When Porn Tries to Sing—and Fails Miserably (Except for Kristine DeBell)
Once upon a time in 1976, someone snorted a rail of disco glitter, skimmed a copy of Alice’s Adventures in Wonderland, and said, “You know what this needs? Musical numbers and penetration.” Thus was born Alice in Wonderland: An X-Rated Musical Fantasy, a film that attempts to thread the needle between Lewis Carroll’s whimsical surrealism and 1970s porn chic. It misses the mark so badly, you can hear the Queen of Hearts shouting, “Off with their heads!”—and not in a good way.
Let’s get this out of the way: this is not a good film. It’s not a good porn. It’s not a good musical. It’s the cinematic equivalent of trying to do a line dance in quicksand while naked and confused. But—and here comes the first and possibly only saving grace—Kristine DeBell.
Kristine DeBell: Grace in a Sea of Grease
She’s bright-eyed, dimpled, and radiates a kind of innocent charm that seems almost criminally out of place here. DeBell plays Alice as a sweet, curious girl-next-door with a gym membership and the acting chops of someone who accidentally wandered onto the wrong set but decided to stay out of sheer professionalism. It’s almost tragic. She deserves a real film. Or at the very least, a decent porn.
DeBell manages to hold the screen while surrounded by a cast of characters who look like they’ve just emerged from the backroom of a failed circus. She plays it mostly straight—an island of actual performance in a fog of leering double entendres, flaccid choreography, and limp gags (pun both intended and not earned).

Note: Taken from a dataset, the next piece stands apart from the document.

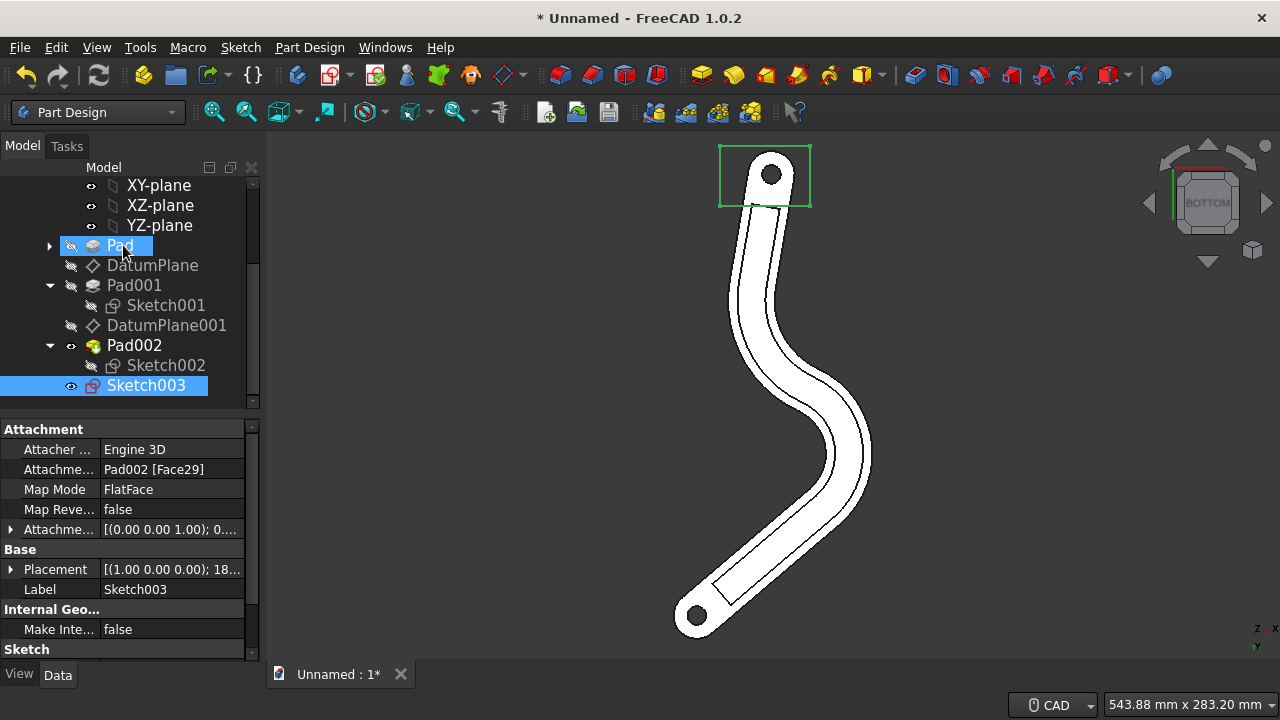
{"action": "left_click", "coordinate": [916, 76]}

Musical Numbers from the Bowels of Hell
Let’s talk about the songs. Because oh dear God, the songs. If you’ve ever wondered what it would sound like if Sesame Street and a Times Square peep show had a baby and that baby took up interpretive jazz-hands, welcome to Wonderland. You’ve got the Mad Hatter crooning like a discount lounge act, and the White Rabbit sounding like he just gargled vodka and self-loathing. The lyrics are written in horny limerick hell, the melodies feel like rejected Schoolhouse Rock drafts, and the dancing would make a high school production of Oklahoma! look like La La Land.
The Plot (And I Use That Word Generously)
The story is loosely—very loosely—based on Carroll’s classic, only instead of a rabbit hole, Alice falls into a world full of naked weirdos singing about their private parts. She gets kissed, groped, teased, and eventually does the deed with a series of increasingly cartoonish characters. There’s a talking door, a Cheshire Cat with the libido of a game show host, and a Caterpillar who looks like he sells drugs to Muppets.
The whole thing plays like a sex-ed video directed by Salvador Dalí after being slapped awake from a nap. There’s an attempt at whimsy, but it keeps tripping over its own platform boots and collapsing into groin-level slapstick. When it tries to be erotic, it’s just awkward. When it tries to be funny, it’s mortifying. And when it tries to be romantic, you can almost hear Lewis Carroll spinning in his grave fast enough to power the Eastern Seaboard.
Production Values: Dollar Store LSD
The sets look like someone bought every roll of aluminum foil and glitter glue from a failing craft store. The costumes—where they exist—range from dollar-bin Halloween to full-blown lunatic asylum theater. The camera work is passable in the way a motel bedspread is technically “cleaned.” And let’s not even get into the sound design, which is a fever dream of moans, gasps, and background music that sounds like an organist drunk on Robitussin.
Final Verdict: Don’t Follow This White Rabbit
There’s a strange little place in cult cinema history for Alice in Wonderland: An X-Rated Musical Fantasy. Some may argue it’s part of a unique era when porn tried to be art. But let’s be honest—this isn’t Boogie Nights. This isn’t even Debbie Does Dallas. This is a novelty record left in the sun too long.
Kristine DeBell’s performance is the only thing keeping this film from being completely unwatchable. She brings sincerity, charisma, and an almost tragic level of effort to a project that treats “character development” like a venereal disease. Her scenes almost convince you you’re watching a real movie—until the Hatter starts singing again or someone pulls out a flute for foreplay.
One star—for DeBell alone.
Watch it only if you’re curious, nostalgic, or halfway through a bottle of something strong. Otherwise, leave Wonderland alone. Some rabbit holes aren’t meant to be explored.